- Opening Delimiter -
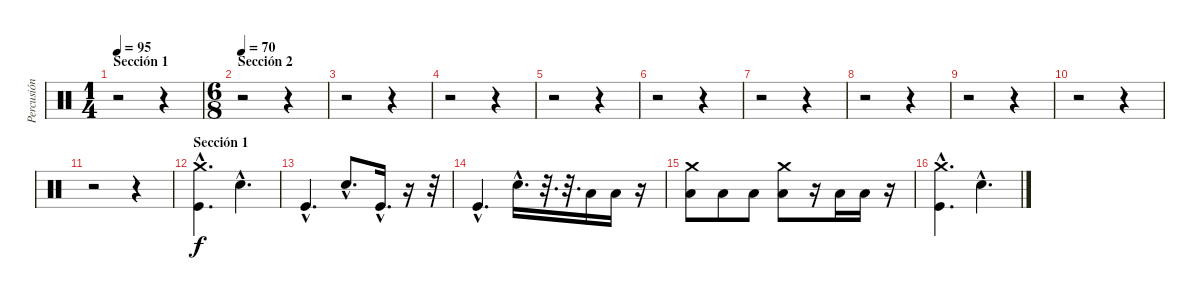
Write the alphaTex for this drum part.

\track ("Percusión" "Percusión") {instrument percussion}
\staff {score}
\articulation defaults
\ts (1 4)
\section ("" "Sección 1")
\tempo 95
\tempo 70
\tempo 95
\clef neutral
\ks c
r.2{dy f} r.4 |
\ts (6 8)
\section ("" "Sección 2")
\tempo 70
r.2 r.4 |
r.2 r.4 |
r.2 r.4 |
r.2 r.4 |
r.2 r.4 |
r.2 r.4 |
r.2 r.4 |
r.2 r.4 |
r.2 r.4 |
r.2 r.4 |
\section ("" "Sección 1")
("Crash medium (hit)"{hac} "Kick (hit)"{hac}).4{d} "Electric Snare (hit)"{hac}.4{d} |
"Kick (hit)"{hac}.4{d} "Electric Snare (hit)"{hac}.8{d} "Kick (hit)"{hac}.16{d} r.16 r.32 |
"Kick (hit)"{hac}.4{d} "Electric Snare (hit)"{hac}.16{d} r.32{d} r.32{d} "Low Tom (hit)".16 "Low Tom (hit)".16 r.16 |
("Crash medium (hit)" "Low Tom (hit)").8 "Low Tom (hit)".8 "Low Tom (hit)".8 ("Crash medium (hit)" "Low Tom (hit)").8 r.16 "Low Tom (hit)".16 "Low Tom (hit)".16 r.16 |
("Crash medium (hit)"{hac} "Kick (hit)"{hac}).4{d} "Electric Snare (hit)"{hac}.4{d}
- Closing Delimiter -
* **WHAT IS BEING ASKED**: Copy out every line in the listing where the word "medium" appears.

* **WORKED SOLUTION**:
("Crash medium (hit)"{hac} "Kick (hit)"{hac}).4{d} "Electric Snare (hit)"{hac}.4{d} |
("Crash medium (hit)" "Low Tom (hit)").8 "Low Tom (hit)".8 "Low Tom (hit)".8 ("Crash medium (hit)" "Low Tom (hit)").8 r.16 "Low Tom (hit)".16 "Low Tom (hit)".16 r.16 |
("Crash medium (hit)"{hac} "Kick (hit)"{hac}).4{d} "Electric Snare (hit)"{hac}.4{d}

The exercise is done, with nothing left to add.